Dasha, una bambina di sei anni, la nipote della vicina, stava giocando proprio lì. Vagava tra le margherite selvatiche, ascoltando il ronzio delle api. Improvvisamente sentì un sibilo. Si girò e vide un serpente grigio che si snodava nell’erba, sollevando la testa. La bambina voleva correre, ma le sue gambe sembravano incollate al suolo, e non sarebbe riuscita a superare il serpente.
— Ah! — riuscì a dire solo Dasha, ma la sua voce si spense, quasi senza suono.
Il serpente sibilò più forte, avvicinandosi alle sue gambe. E proprio in quel momento, da dietro i cespugli, emerse una grande ombra. Un tonfo, un abbaiare — e Dasha vide come il cane enorme, con un solo balzo, fece cadere il serpente, afferrandolo con i denti. La catena che portava al collo del cane strisciava sul terreno — si era staccato dai pali sentendo il grido.
I secondi passavano, il cane ringhiava, frantumando il corpo del serpente. Il serpente si dimenò e poi si zittì. Dasha era ancora ferma, incapace di muoversi, con il cuore che batteva forte. Il cane si girò verso di lei, respirando pesantemente, gli occhi fiammeggianti. Ma invece di attaccare, abbaiò piano, come a verificare se la bambina fosse viva.
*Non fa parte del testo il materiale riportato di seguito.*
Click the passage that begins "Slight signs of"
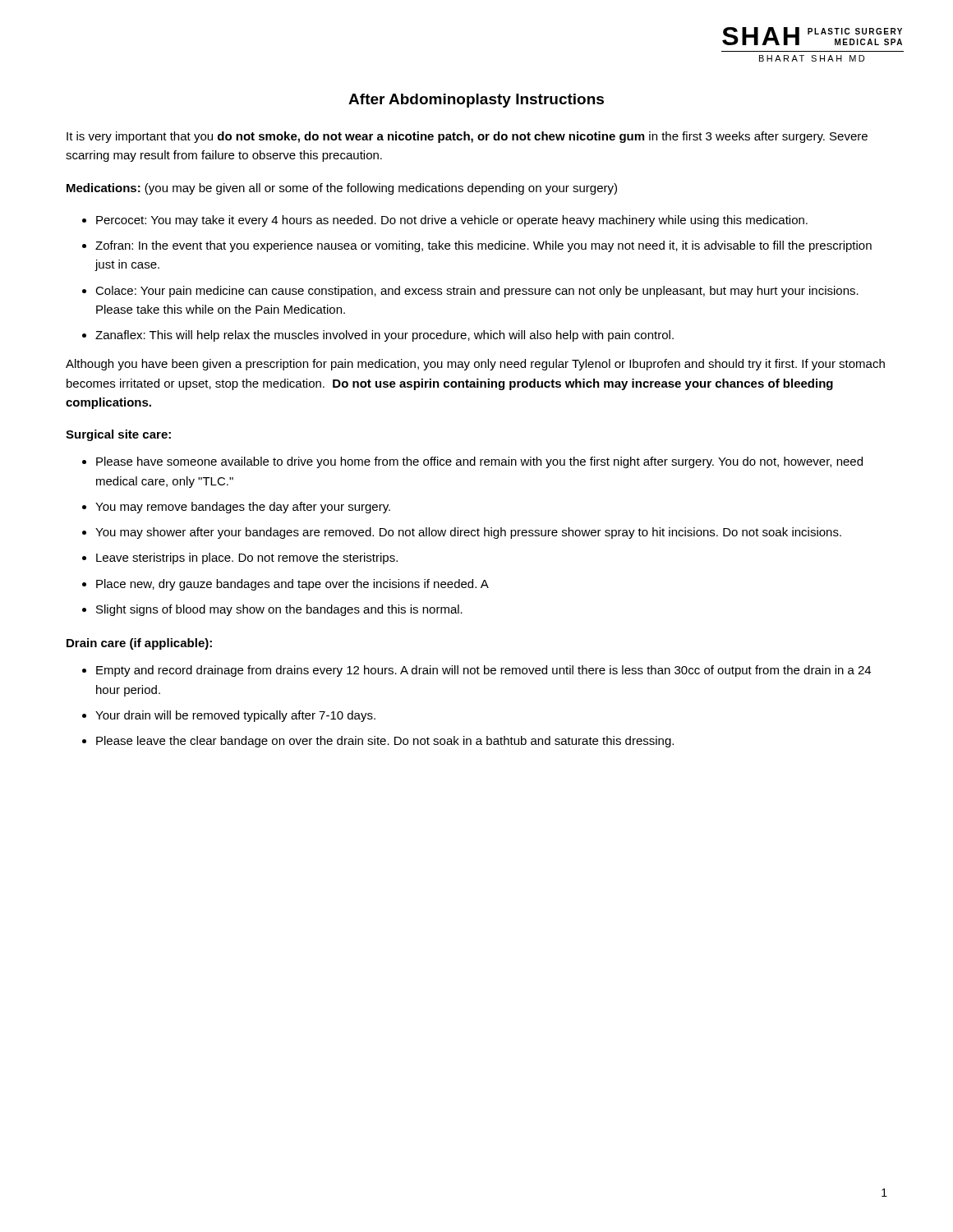953x1232 pixels. click(279, 609)

— Mamma… — sussurrò Dasha, indietreggiando.
Il cane fece un passo verso di lei. La bambina rimase immobile, aspettandosi un attacco. Ma lui si limitò ad abbassare la testa, come se stesse annusando, e la toccò delicatamente con il muso sul gomito — senza aggressività. Dasha rimase stupita. Era proprio quel “mostro” del cane di Galina Andreyevna, eppure l’aveva salvata dal morso del serpente.
In quel momento, si udì un grido dalla strada:
— Dasha, dove sei?!
Si scoprì che poco lontano c’erano i ragazzi che avevano sentito il rumore e l’abbaiare. Dasha voleva rispondere, ma la voce le si strozzò in gola. Il cane voltò la testa verso i suoni e, vedendo le persone correre, ringhiò confuso, senza capire cosa aspettarsi.
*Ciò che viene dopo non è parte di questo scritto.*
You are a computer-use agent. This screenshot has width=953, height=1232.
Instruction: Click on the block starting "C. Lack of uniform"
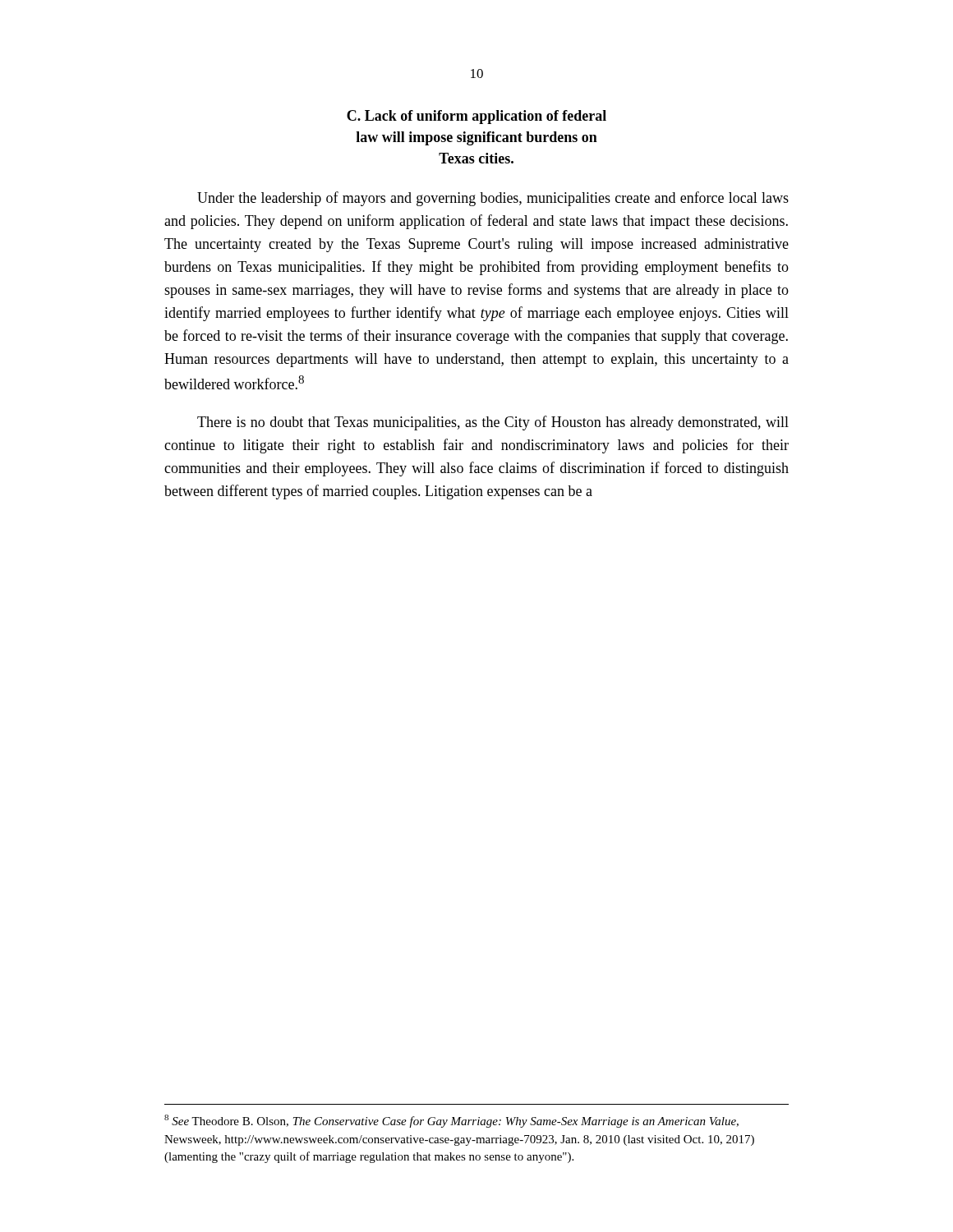click(x=476, y=137)

— Eccola! — gridò uno dei ragazzi, entrando nei cespugli. — E c’è il cane, state attenti!
Dasha agitò le mani:
— Non toccatelo, lui… è buono. Mi ha salvato.
I ragazzi si fermarono, increduli. Poco dopo arrivarono gli adulti, qualcuno con una bastone, altri gridavano: “Attenzione, la bestia è scappata!”
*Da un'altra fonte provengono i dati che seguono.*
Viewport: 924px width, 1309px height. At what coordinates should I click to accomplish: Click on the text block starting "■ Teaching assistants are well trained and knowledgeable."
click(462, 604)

Ma Dasha scoppiò in lacrime:
— Non toccatelo! Ha ucciso il serpente! Mi ha protetta!
Le donne si fermarono, sorprese vedendo la vipera morta vicino ai passi del cane. Il cane stava fermo, respirando pesantemente, con la bava che gli usciva dalla bocca dopo il combattimento. Ma non attaccava, si limitava a osservare la folla con cautela. Dopo un momento, Galina Andreyevna apparve. La chiamarono e le dissero che il suo cane era scappato, rischiando di attaccare le persone.
— Cosa hai fatto, Kuzya… — sussurrò la vecchietta, avvicinandosi. — Come faccio a rimetterti alla catena…
E allora Dasha, asciugandosi le lacrime, esclamò:
— No, non rimettetelo! È buono, ha scacciato il serpente. Se non fosse stato per lui, mi avrebbe morso!
I vicini si guardarono perplessi. Qualcuno tacque, mentre qualcun altro chiese:
— Davvero Kuzya ha salvato la bambina?
Dasha annuì, singhiozzando per l’emozione:
— Sì. Pensavo che mi sarebbe saltato addosso, ma no, è buono.
— Mmm… — disse un vecchio, grattandosi la testa. — Sembra che abbiamo parlato male di lui a torto.
Il cane indietreggiò di un passo, come se sentisse l’imbarazzo per l’attenzione che stava ricevendo. Galina Andreyevna toccò dolcemente la catena intorno al suo collo:
— Eh, amore mio… Avevo paura di darti la libertà. Scusami.
La gente cominciò a discutere: “Forse dovremmo comunque rimetterlo al suo posto, finché non succede qualcosa di brutto.” Ma Dasha difese con passione: “No, è buono, non toccatelo.”
E forse era vero. Quel cane, che per tutti sembrava pericoloso, si era rivelato essere un guardiano in grado di proteggere anche un bambino.